# DATEIEN einer (winamp-) Playlist in einen Ordner kopieren?



## Herbboy (20. November 2008)

Also: ich hab ne playlist zB bei winamp mit 200 songs, die wild verteilt sind in 150 Unterordnern meiner Musiksammlung, und die Dateien, die in der Playliste vorkommen, sollen halt in einen neuen Ordner zB auf einer externen HD kopiert werden.

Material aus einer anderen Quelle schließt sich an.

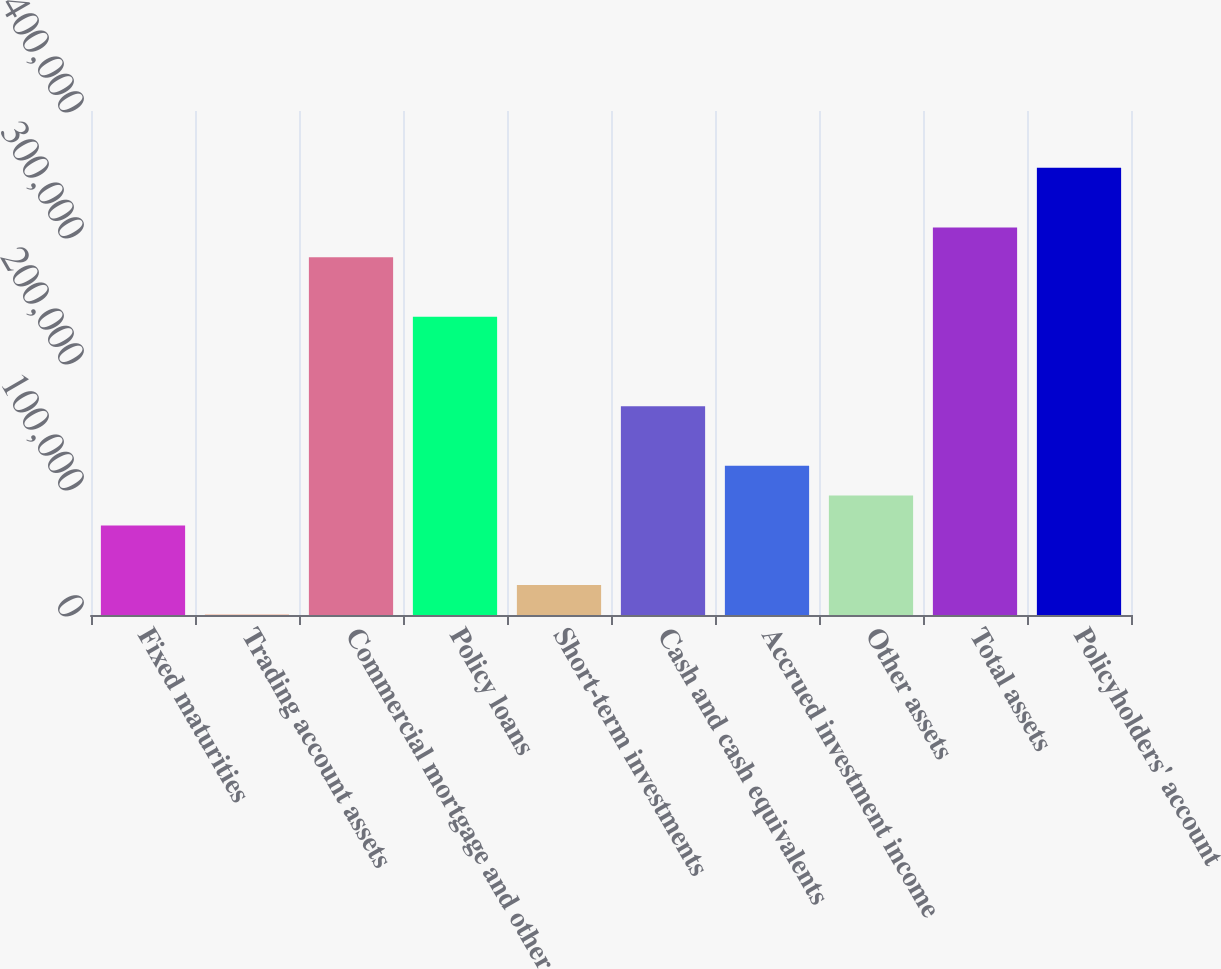Convert chart. <chart><loc_0><loc_0><loc_500><loc_500><bar_chart><fcel>Fixed maturities<fcel>Trading account assets<fcel>Commercial mortgage and other<fcel>Policy loans<fcel>Short-term investments<fcel>Cash and cash equivalents<fcel>Accrued investment income<fcel>Other assets<fcel>Total assets<fcel>Policyholders' account<nl><fcel>71101.8<fcel>150<fcel>283957<fcel>236656<fcel>23800.6<fcel>165704<fcel>118403<fcel>94752.4<fcel>307608<fcel>354909<nl></chart> 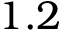Convert formula to latex. <formula><loc_0><loc_0><loc_500><loc_500>1 . 2</formula> 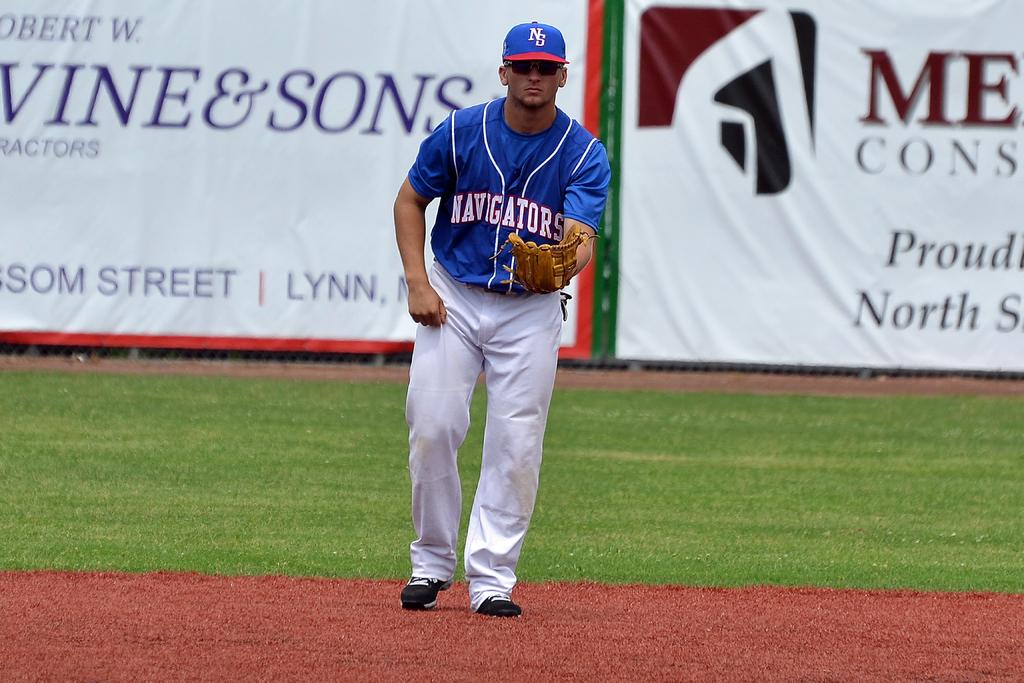What letters are on the mans hat?
Provide a succinct answer. Ns. 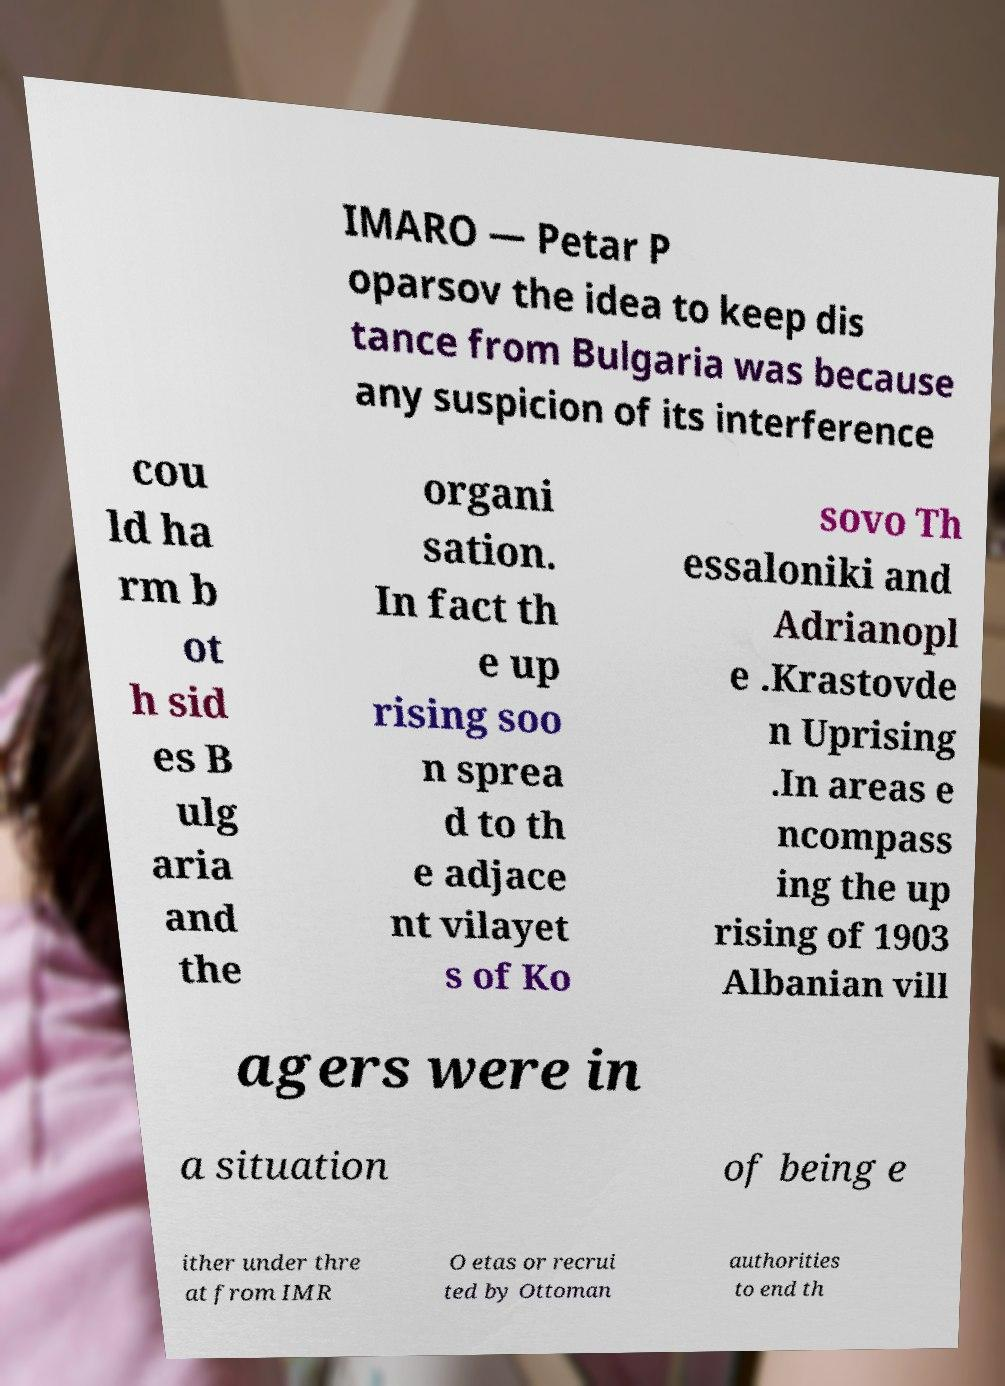There's text embedded in this image that I need extracted. Can you transcribe it verbatim? IMARO — Petar P oparsov the idea to keep dis tance from Bulgaria was because any suspicion of its interference cou ld ha rm b ot h sid es B ulg aria and the organi sation. In fact th e up rising soo n sprea d to th e adjace nt vilayet s of Ko sovo Th essaloniki and Adrianopl e .Krastovde n Uprising .In areas e ncompass ing the up rising of 1903 Albanian vill agers were in a situation of being e ither under thre at from IMR O etas or recrui ted by Ottoman authorities to end th 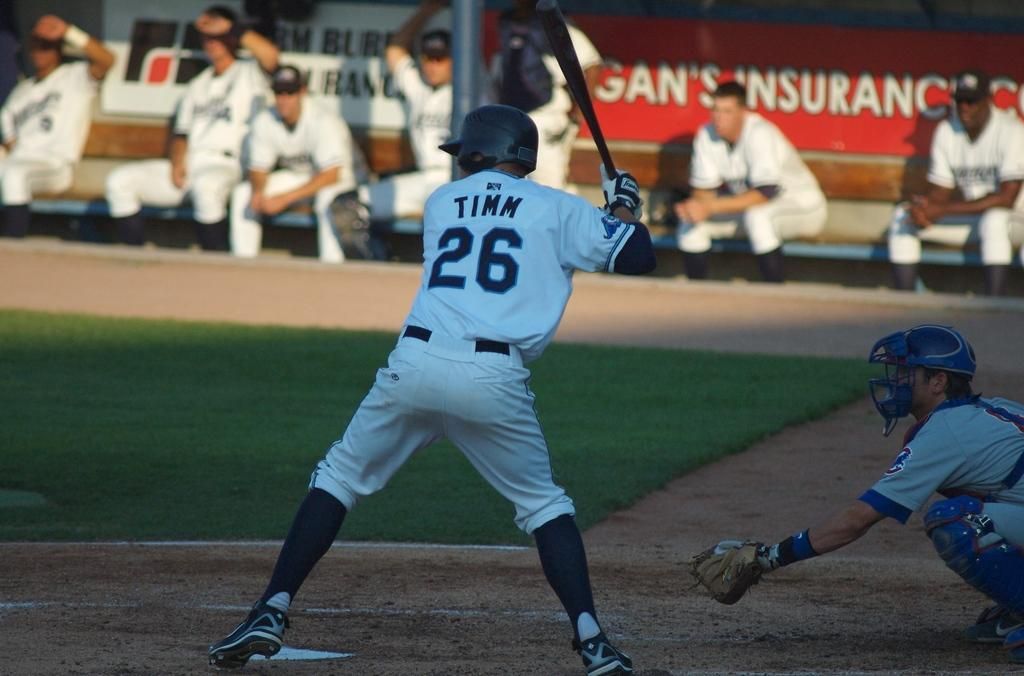<image>
Create a compact narrative representing the image presented. a player that has the number 26 on their back 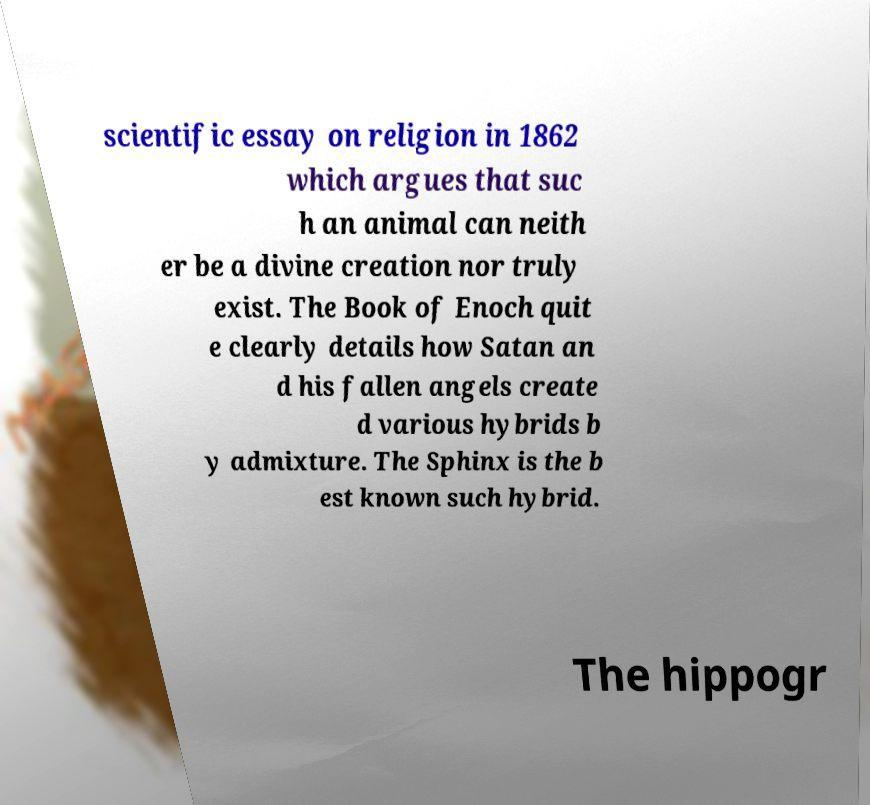I need the written content from this picture converted into text. Can you do that? scientific essay on religion in 1862 which argues that suc h an animal can neith er be a divine creation nor truly exist. The Book of Enoch quit e clearly details how Satan an d his fallen angels create d various hybrids b y admixture. The Sphinx is the b est known such hybrid. The hippogr

Ich glaub so was gibt es, find es aber nicht mehr.


----------



## NixBlick (21. November 2008)

*AW: DATEIEN einer (wimamp-) Playlist in einen Ordner kopieren?*

Mir fällt nur Mediamonkey ein. Damit öffnest du die Playlist und klickst dann mit rechts auf Wiedergabeliste. Dann auf Senden an und da kannst du dann "Ordner (kopieren)" auswählen. 
Wenn du mehrere Playlisten hast, dann lass einfach Mediamonkey den/die Ordner scannen. Dann findet man die unter Playlisten->importiere m3u playlisten. Da geht das mit rechtsklick etc. auch.

Hier noch der Link zu MM 
MediaMonkey  Free Media Jukebox, Music Manager, CD Ripper & Converter


----------



## Herbboy (21. November 2008)

*AW: DATEIEN einer (wimamp-) Playlist in einen Ordner kopieren?*

o.k, danke. ich wollte halt einfach mal die lieder aller alben und sampler meiner samlung, die überhaupt in frage kommen (is für ne poarty), in die playlist laden, dann alles abspielen und die ungewollten lieder in der playlist einfach löschen, und was übrigbleibt dann rüberkopieren  

das ist viel einfacher als in jeden ordner zu gehen, die lieder anzuspielen und dann manuell einzeln rüberzukopieren...


----------



## Herbboy (27. November 2008)

hat wunderbar geklappt, thx


----------



## jetztaber (29. November 2008)

Ich lese das zwar zu spät, aber für diese Zwecke gibts noch den m3ucopier.


----------



## quantenslipstream (29. November 2008)

Du kannst mit Winamp aber auch die MP3s neu schreiben lassen und sie dann gemeinsam an einem Ort speichern.
Dann brauchst du die alten nicht mehr und kannst die vielen Unterordner löschen.


----------



## Herbboy (30. November 2008)

nein, die unterordnen sollten natürlich bestehen bleiben, das sind ja die ganzen alben meiner musiksammung. ich wollte nur von meiner sammlung einzelne lieder für eine party aus einzelnen alben in einen ordner kopieren, um den dann wiederum auf DVD zu brennen und per DVDplayer abzuspielen.


----------